Política e Forças Armadas são coisas que não combinam na mesma frase. Muito menos num governo democraticamente eleito, gostemos ou não de qual tenha sido.
Kristhian Kaminski
A história recente mostra que esse flerte inadequado segue forte, ainda que tenhamos exemplos suficientes tanto do passado quanto do presente para não compactuar com a ideia. Se eu fosse voltar muito no tempo para ilustrar a tese esse texto não teria fim. Basta lembrar o que foi o nazismo e o fascismo. Ou o que ocorreu bem mais recentemente na nossa vizinha Venezuela. Ou ainda, trazendo o assunto para o Brasil, o período da ditadura militar, em que tortura e assassinatos eram coisas corriqueiras.
Com todos esses exemplos, é surreal que ainda existam grupos – e não são poucos – que defendem a volta desses modelos. Sob os argumentos mais esdrúxulos.
Mas a realidade é essa, eles existem, são organizados e articulados, encontraram nas redes sociais um caminho para arrebanhar cada vez mais seguidores. Não aceitam o resultado das eleições, acampam em frente a quartéis pedindo intervenção militar, promovem invasão e depredação das sedes dos poderes constituídos, patrimônio público pelo qual nós pagamos.
E tudo isso ocorreu com a conivência velada do ex-presidente e das Forças Armadas. Mais de 1.200 pessoas que participaram dos atos golpistas foram detidas. Metade já foi solta, diga-se. Outras tantas escaparam porque comandos militares locais simplesmente impediram a ação das forças policiais de agirem nos vários acampamentos montados pelo País. Mais do que isso, o absoluto silêncio das forças militares serviu de estímulo à manutenção do sonho golpista.
Não há base para afirmar categoricamente que Jair Bolsonaro pretendia se perpetuar no poder com o apoio das Forças Armadas. Mas tudo leva a crer, e seus apoiadores acreditavam e ainda acreditam nisso.
Demonizar qualquer instituição que seja, pelos deslizes de uma parte, não é correto. As Forças Armadas têm sim um papel preponderante, na defesa da soberania nacional e inclusive em questões humanitárias. Não na política, não fiscalizando resultados de eleições, não na administração pública. Não.
O que Bolsonaro fez foi exatamente o contrário. Incluiu quadros militares em todos os lugares que pôde, desde o vice Hamilton Mourão ao desastroso ex-ministro da Saúde Eduardo Pazuello – indicado ainda sendo oficial da ativa – a inúmeros outros cargos de segundo e terceiro escalão.

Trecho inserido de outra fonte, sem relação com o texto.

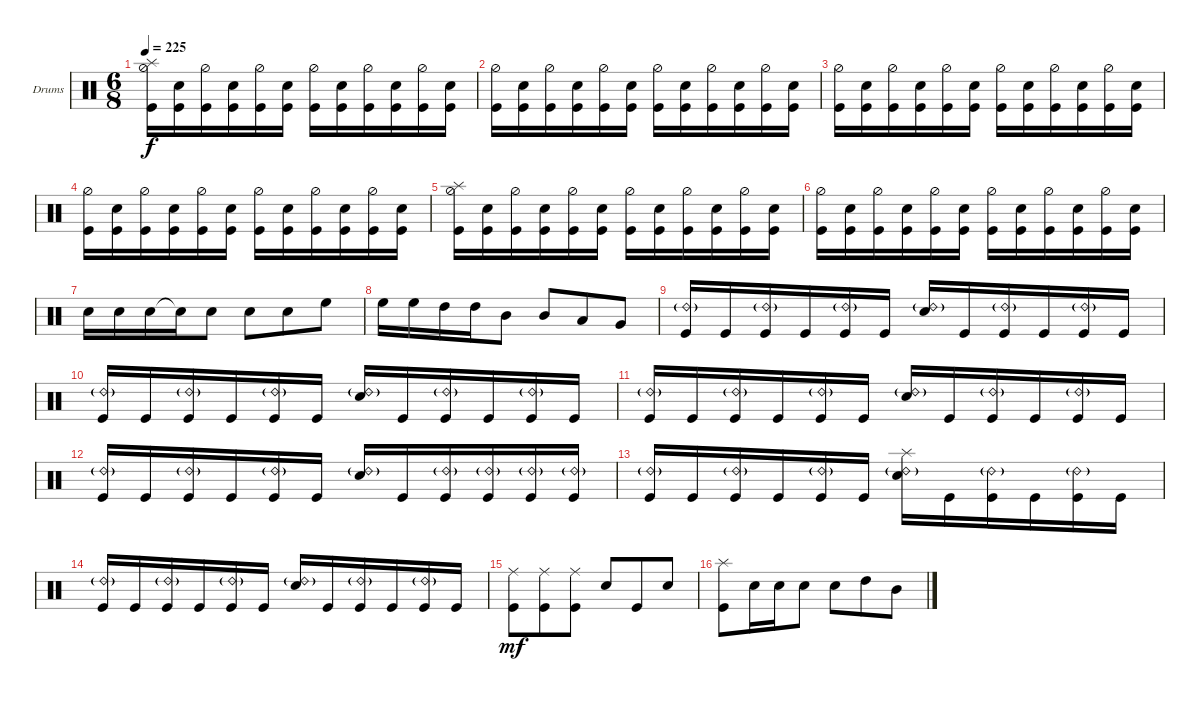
\bracketExtendMode groupsimilarinstruments
\firstSystemTrackNameOrientation horizontal
\otherSystemsTrackNameOrientation horizontal
\track ("Drumkit" "Drums") {solo instrument percussion}
\staff {score}
\articulation defaults
\ts (6 8)
\tempo 225
\clef neutral
\ks c
("Kick (hit)" "Hi-Hat (half)" "Splash (hit)").16{dy f} ("Kick (hit)" "Snare (hit) 2").16 ("Kick (hit)" "Hi-Hat (half)").16 ("Kick (hit)" "Snare (hit) 2").16 ("Kick (hit)" "Hi-Hat (half)").16 ("Kick (hit)" "Snare (hit) 2").16 ("Kick (hit)" "Hi-Hat (half)").16 ("Kick (hit)" "Snare (hit) 2").16 ("Kick (hit)" "Hi-Hat (half)").16 ("Kick (hit)" "Snare (hit) 2").16 ("Kick (hit)" "Hi-Hat (half)").16 ("Kick (hit)" "Snare (hit) 2").16 |
("Kick (hit)" "Hi-Hat (half)").16 ("Kick (hit)" "Snare (hit) 2").16 ("Kick (hit)" "Hi-Hat (half)").16 ("Kick (hit)" "Snare (hit) 2").16 ("Kick (hit)" "Hi-Hat (half)").16 ("Kick (hit)" "Snare (hit) 2").16 ("Kick (hit)" "Hi-Hat (half)").16 ("Kick (hit)" "Snare (hit) 2").16 ("Kick (hit)" "Hi-Hat (half)").16 ("Kick (hit)" "Snare (hit) 2").16 ("Kick (hit)" "Hi-Hat (half)").16 ("Kick (hit)" "Snare (hit) 2").16 |
("Kick (hit)" "Hi-Hat (half)").16 ("Kick (hit)" "Snare (hit) 2").16 ("Kick (hit)" "Hi-Hat (half)").16 ("Kick (hit)" "Snare (hit) 2").16 ("Kick (hit)" "Hi-Hat (half)").16 ("Kick (hit)" "Snare (hit) 2").16 ("Kick (hit)" "Hi-Hat (half)").16 ("Kick (hit)" "Snare (hit) 2").16 ("Kick (hit)" "Hi-Hat (half)").16 ("Kick (hit)" "Snare (hit) 2").16 ("Kick (hit)" "Hi-Hat (half)").16 ("Kick (hit)" "Snare (hit) 2").16 |
("Kick (hit)" "Hi-Hat (half)").16 ("Kick (hit)" "Snare (hit) 2").16 ("Kick (hit)" "Hi-Hat (half)").16 ("Kick (hit)" "Snare (hit) 2").16 ("Kick (hit)" "Hi-Hat (half)").16 ("Kick (hit)" "Snare (hit) 2").16 ("Kick (hit)" "Hi-Hat (half)").16 ("Kick (hit)" "Snare (hit) 2").16 ("Kick (hit)" "Hi-Hat (half)").16 ("Kick (hit)" "Snare (hit) 2").16 ("Kick (hit)" "Hi-Hat (half)").16 ("Kick (hit)" "Snare (hit) 2").16 |
("Kick (hit)" "Hi-Hat (half)" "Splash (hit)").16 ("Kick (hit)" "Snare (hit) 2").16 ("Kick (hit)" "Hi-Hat (half)").16 ("Kick (hit)" "Snare (hit) 2").16 ("Kick (hit)" "Hi-Hat (half)").16 ("Kick (hit)" "Snare (hit) 2").16 ("Kick (hit)" "Hi-Hat (half)").16 ("Kick (hit)" "Snare (hit) 2").16 ("Kick (hit)" "Hi-Hat (half)").16 ("Kick (hit)" "Snare (hit) 2").16 ("Kick (hit)" "Hi-Hat (half)").16 ("Kick (hit)" "Snare (hit) 2").16 |
("Kick (hit)" "Hi-Hat (half)").16 ("Kick (hit)" "Snare (hit) 2").16 ("Kick (hit)" "Hi-Hat (half)").16 ("Kick (hit)" "Snare (hit) 2").16 ("Kick (hit)" "Hi-Hat (half)").16 ("Kick (hit)" "Snare (hit) 2").16 ("Kick (hit)" "Hi-Hat (half)").16 ("Kick (hit)" "Snare (hit) 2").16 ("Kick (hit)" "Hi-Hat (half)").16 ("Kick (hit)" "Snare (hit) 2").16 ("Kick (hit)" "Hi-Hat (half)").16 ("Kick (hit)" "Snare (hit) 2").16 |
"Snare (hit) 2".16 "Snare (hit) 2".16 "Snare (hit) 2".16 "Snare (hit) 2"{t}.16 "Snare (hit) 2".8 "Snare (hit) 2".8 "Snare (hit) 2".8 "High Floor Tom (hit)".8 |
"High Floor Tom (hit)".16 "High Floor Tom (hit)".16 "High Tom (hit)".16 "High Tom (hit)".16 "Mid Tom (hit)".8 "Mid Tom (hit)".8 "Low Tom (hit)".8 "Very Low Tom (hit)".8 |
("Kick (hit)" "Ride (bell) 2"{g}).16 "Kick (hit)".16 ("Kick (hit)" "Ride (bell) 2"{g}).16 "Kick (hit)".16 ("Kick (hit)" "Ride (bell) 2"{g}).16 "Kick (hit)".16 ("Snare (hit) 2" "Ride (bell) 2"{g}).16 "Kick (hit)".16 ("Kick (hit)" "Ride (bell) 2"{g}).16 "Kick (hit)".16 ("Kick (hit)" "Ride (bell) 2"{g}).16 "Kick (hit)".16 |
("Kick (hit)" "Ride (bell) 2"{g}).16 "Kick (hit)".16 ("Kick (hit)" "Ride (bell) 2"{g}).16 "Kick (hit)".16 ("Kick (hit)" "Ride (bell) 2"{g}).16 "Kick (hit)".16 ("Snare (hit) 2" "Ride (bell) 2"{g}).16 "Kick (hit)".16 ("Kick (hit)" "Ride (bell) 2"{g}).16 "Kick (hit)".16 ("Kick (hit)" "Ride (bell) 2"{g}).16 "Kick (hit)".16 |
("Kick (hit)" "Ride (bell) 2"{g}).16 "Kick (hit)".16 ("Kick (hit)" "Ride (bell) 2"{g}).16 "Kick (hit)".16 ("Kick (hit)" "Ride (bell) 2"{g}).16 "Kick (hit)".16 ("Snare (hit) 2" "Ride (bell) 2"{g}).16 "Kick (hit)".16 ("Kick (hit)" "Ride (bell) 2"{g}).16 "Kick (hit)".16 ("Kick (hit)" "Ride (bell) 2"{g}).16 "Kick (hit)".16 |
("Kick (hit)" "Ride (bell) 2"{g}).16 "Kick (hit)".16 ("Kick (hit)" "Ride (bell) 2"{g}).16 "Kick (hit)".16 ("Kick (hit)" "Ride (bell) 2"{g}).16 "Kick (hit)".16 ("Snare (hit) 2" "Ride (bell) 2"{g}).16 "Kick (hit)".16 ("Kick (hit)" "Ride (bell) 2"{g}).16 ("Kick (hit)" "Ride (bell) 2"{g}).16 ("Kick (hit)" "Ride (bell) 2"{g}).16 ("Kick (hit)" "Ride (bell) 2"{g}).16 |
("Kick (hit)" "Ride (bell) 2"{g}).16 "Kick (hit)".16 ("Kick (hit)" "Ride (bell) 2"{g}).16 "Kick (hit)".16 ("Kick (hit)" "Ride (bell) 2"{g}).16 "Kick (hit)".16 ("Snare (hit) 2" "Ride (bell) 2"{g} "Splash (hit)").16 "Kick (hit)".16 ("Kick (hit)" "Ride (bell) 2"{g}).16 "Kick (hit)".16 ("Kick (hit)" "Ride (bell) 2"{g}).16 "Kick (hit)".16 |
("Kick (hit)" "Ride (bell) 2"{g}).16 "Kick (hit)".16 ("Kick (hit)" "Ride (bell) 2"{g}).16 "Kick (hit)".16 ("Kick (hit)" "Ride (bell) 2"{g}).16 "Kick (hit)".16 ("Snare (hit) 2" "Ride (bell) 2"{g}).16 "Kick (hit)".16 ("Kick (hit)" "Ride (bell) 2"{g}).16 "Kick (hit)".16 ("Kick (hit)" "Ride (bell) 2"{g}).16 "Kick (hit)".16 |
("Kick (hit)" "Ride (middle)").8{dy mf} ("Kick (hit)" "Ride (middle)").8 ("Kick (hit)" "Ride (middle)").8 "Snare (hit) 2".8 "Kick (hit)".8 "Snare (hit) 2".8 |
("Kick (hit)" "Splash (hit)").8 "Snare (hit) 2".16 "Snare (hit) 2".16 "Snare (hit) 2".8 "Snare (hit) 2".8 "High Tom (hit)".8 "Mid Tom (hit)".8

Até na Fundação Nacional dos Povos Indígenas (Funai) militares ganharam cargos. O assunto agora ganha destaque pelo drama vivido pelos yanomamis. Vêm à tona denúncias de que esses militares teriam sido comprados por garimpeiros para serem lenientes com crimes cometidos nas terras desse povo indígena. Isso tudo estava acontecendo bem debaixo de nossos narizes e ninguém via.
O presidente eleito, Luiz Inácio Lula da Silva, parece empenhado em limpar a casa nesse sentido. Já soma mais de uma centena o número de militares afastados de funções no Poder Executivo. O comandante do Exército foi destituído, e substituído. Incluindo demissões, mais do que necessárias, na Funai. Somente ali, foram 43, que ocupavam cargos chave como chefes regionais e nacionais da instituição.
A militarização da máquina pública não só não deu certo. Deu muito errado. Hoje e desde sempre. Em uma democracia forte, “dentro das quatro linhas” como desejamos, não é possível aceitarmos passivamente ideias golpistas, política e Forças Armadas na mesma frase.